Lalu mereka mengobarkan api yang sangat besar dan mereka melempari beliau dengan manjanik (ketapel raksasa) disebabkan jarak mereka yang jauh dikarenakan panasnya api. Akan tetapi, Rabb pemilik keperkasaan dan kemuliaan ber-firman:
Kami berfirman: Hai api menjadi dinginlah, dan menjadi keselamatanlah bagi Ibrahim.” (QS al-Anbiyaa` : 69).
Maka menjadilah api itu dingin dan keselamatan baginya, dengan ujian dakwah yang begitu besar dialami beliau.
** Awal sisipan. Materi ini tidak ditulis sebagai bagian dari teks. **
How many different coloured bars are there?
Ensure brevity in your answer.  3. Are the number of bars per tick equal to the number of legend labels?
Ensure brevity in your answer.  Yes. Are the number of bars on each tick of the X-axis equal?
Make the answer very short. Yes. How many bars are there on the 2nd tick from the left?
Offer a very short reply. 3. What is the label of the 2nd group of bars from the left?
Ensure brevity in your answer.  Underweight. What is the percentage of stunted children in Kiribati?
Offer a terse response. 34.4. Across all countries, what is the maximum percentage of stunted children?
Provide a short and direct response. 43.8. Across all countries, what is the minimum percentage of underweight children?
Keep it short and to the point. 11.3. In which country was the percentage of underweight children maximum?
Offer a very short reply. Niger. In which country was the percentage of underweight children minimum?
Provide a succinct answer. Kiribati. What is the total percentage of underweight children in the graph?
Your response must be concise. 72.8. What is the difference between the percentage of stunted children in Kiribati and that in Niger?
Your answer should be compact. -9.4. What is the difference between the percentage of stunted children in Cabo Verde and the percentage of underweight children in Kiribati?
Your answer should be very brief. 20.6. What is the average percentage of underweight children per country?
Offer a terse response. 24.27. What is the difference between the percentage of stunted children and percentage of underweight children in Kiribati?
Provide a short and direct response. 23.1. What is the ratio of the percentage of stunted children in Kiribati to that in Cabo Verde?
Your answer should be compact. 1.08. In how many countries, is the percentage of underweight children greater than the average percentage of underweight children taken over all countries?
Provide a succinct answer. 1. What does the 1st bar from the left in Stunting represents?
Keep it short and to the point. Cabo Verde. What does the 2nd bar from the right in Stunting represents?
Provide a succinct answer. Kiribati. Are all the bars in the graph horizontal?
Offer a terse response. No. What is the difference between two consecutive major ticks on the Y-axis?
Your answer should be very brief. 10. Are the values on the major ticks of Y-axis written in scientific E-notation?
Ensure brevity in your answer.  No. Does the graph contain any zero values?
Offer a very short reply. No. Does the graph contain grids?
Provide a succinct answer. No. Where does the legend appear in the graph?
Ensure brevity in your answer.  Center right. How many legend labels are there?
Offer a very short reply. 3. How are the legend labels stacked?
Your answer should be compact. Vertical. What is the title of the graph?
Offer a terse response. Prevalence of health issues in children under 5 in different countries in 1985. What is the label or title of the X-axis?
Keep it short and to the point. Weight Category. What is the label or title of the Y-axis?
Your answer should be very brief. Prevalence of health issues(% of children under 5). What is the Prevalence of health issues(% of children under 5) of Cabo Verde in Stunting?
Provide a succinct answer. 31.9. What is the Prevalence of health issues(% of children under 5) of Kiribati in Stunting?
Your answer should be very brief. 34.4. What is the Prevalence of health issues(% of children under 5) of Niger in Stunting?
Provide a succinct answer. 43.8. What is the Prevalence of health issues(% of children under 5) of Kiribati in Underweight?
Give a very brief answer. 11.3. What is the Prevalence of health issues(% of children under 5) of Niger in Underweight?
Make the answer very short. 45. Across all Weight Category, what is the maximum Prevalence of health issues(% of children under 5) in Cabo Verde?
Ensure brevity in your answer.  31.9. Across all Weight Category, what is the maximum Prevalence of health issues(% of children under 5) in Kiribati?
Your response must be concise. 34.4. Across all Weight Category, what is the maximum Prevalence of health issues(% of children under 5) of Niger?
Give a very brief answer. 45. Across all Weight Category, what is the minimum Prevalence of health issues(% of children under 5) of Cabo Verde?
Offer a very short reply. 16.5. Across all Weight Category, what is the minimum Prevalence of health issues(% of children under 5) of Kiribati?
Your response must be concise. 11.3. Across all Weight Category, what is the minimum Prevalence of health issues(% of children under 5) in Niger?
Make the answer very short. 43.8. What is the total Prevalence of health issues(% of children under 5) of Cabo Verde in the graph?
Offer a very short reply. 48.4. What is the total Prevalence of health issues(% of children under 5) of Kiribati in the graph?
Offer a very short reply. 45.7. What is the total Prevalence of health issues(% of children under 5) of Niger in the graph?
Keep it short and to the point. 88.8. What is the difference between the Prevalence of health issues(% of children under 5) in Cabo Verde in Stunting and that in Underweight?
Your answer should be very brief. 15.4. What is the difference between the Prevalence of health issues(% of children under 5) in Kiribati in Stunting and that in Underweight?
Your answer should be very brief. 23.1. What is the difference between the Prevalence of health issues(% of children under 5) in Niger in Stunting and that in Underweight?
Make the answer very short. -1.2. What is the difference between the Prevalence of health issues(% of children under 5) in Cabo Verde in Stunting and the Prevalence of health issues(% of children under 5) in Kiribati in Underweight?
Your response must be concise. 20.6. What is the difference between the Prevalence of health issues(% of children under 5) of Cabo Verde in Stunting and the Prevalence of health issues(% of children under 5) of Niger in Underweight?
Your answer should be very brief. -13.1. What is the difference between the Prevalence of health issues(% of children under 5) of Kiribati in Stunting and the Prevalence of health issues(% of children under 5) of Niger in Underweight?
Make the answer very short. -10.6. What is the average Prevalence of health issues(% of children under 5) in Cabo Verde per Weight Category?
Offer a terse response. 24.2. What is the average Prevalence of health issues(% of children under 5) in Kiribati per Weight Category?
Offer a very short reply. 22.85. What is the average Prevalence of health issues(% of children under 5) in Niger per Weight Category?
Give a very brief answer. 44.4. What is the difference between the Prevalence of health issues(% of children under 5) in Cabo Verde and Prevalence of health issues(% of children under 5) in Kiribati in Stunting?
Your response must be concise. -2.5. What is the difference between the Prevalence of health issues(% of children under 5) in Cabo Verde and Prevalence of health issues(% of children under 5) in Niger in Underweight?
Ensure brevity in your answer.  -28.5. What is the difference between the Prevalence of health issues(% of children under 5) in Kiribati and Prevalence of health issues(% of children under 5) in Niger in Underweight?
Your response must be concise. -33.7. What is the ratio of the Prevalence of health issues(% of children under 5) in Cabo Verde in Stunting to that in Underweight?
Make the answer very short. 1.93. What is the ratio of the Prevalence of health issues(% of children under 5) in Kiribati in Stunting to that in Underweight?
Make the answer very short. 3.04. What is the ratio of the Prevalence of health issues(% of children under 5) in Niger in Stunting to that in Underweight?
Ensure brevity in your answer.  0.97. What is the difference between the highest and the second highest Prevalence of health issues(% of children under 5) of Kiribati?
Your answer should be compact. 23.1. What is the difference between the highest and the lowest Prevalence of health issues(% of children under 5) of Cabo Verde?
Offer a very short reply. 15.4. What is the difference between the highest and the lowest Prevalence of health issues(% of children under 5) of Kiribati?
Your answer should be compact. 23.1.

Namun, beliau tetap bersabar untuk memperjuangkan dakwahnya.
Lihatlah Musa ‘alaihish Sholatu was Salam dan bagaimana Fir’aun mengancam untuk membunuh beliau :
Dan Berkata Fir'aun (kepada pembesar-pembesarnya): Biarkanlah Aku membunuh Musa dan hendaklah ia memohon kepada Tuhannya, Karena Sesungguhnya Aku khawatir dia akan menukar agamamu atau menimbulkan kerusakan di muka bumi.” (QS Ghaafir : 26)
Ia mengancam untuk membunuh beliau akan tetapi perkara berbicara lain dan kesudahan yang baik adalah bagi Musa ‘alaihish Sholatu was Salam
Dan Fir'aun beserta kaumnya dikepung oleh azab yang amat buruk.” (QS Ghaafir : 45)
Lihatlah Isa ‘alaihish Sholatu was Salam yang mendapatkan gangguan sampai-sampai kaum Yahudi menuduh beliau sebagai anak pezina. Mereka membunuh beliau dengan asumsi mereka dan menyalibnya, akan tetapi Alloh Ta’ala berfirman :
Mereka tidak membunuhnya dan tidak (pula) menyalibnya, tetapi (yang mereka bunuh ialah) orang yang diserupakan dengan Isa bagi mereka. Sesungguhnya orang-orang yang berselisih paham tentang (pembunuhan) Isa, benar-benar dalam keragu-raguan tentang yang dibunuh itu. mereka tidak mempunyai keyakinan tentang siapa yang dibunuh itu, kecuali mengikuti persangkaan belaka, mereka tidak (pula) yakin bahwa yang mereka bunuh itu adalah Isa. Tetapi (yang sebenarnya), Allah Telah mengangkat Isa kepada-Nya]. dan adalah Allah Maha Perkasa lagi Maha Bijaksana.” (QS an-Nisaa` : 157-158).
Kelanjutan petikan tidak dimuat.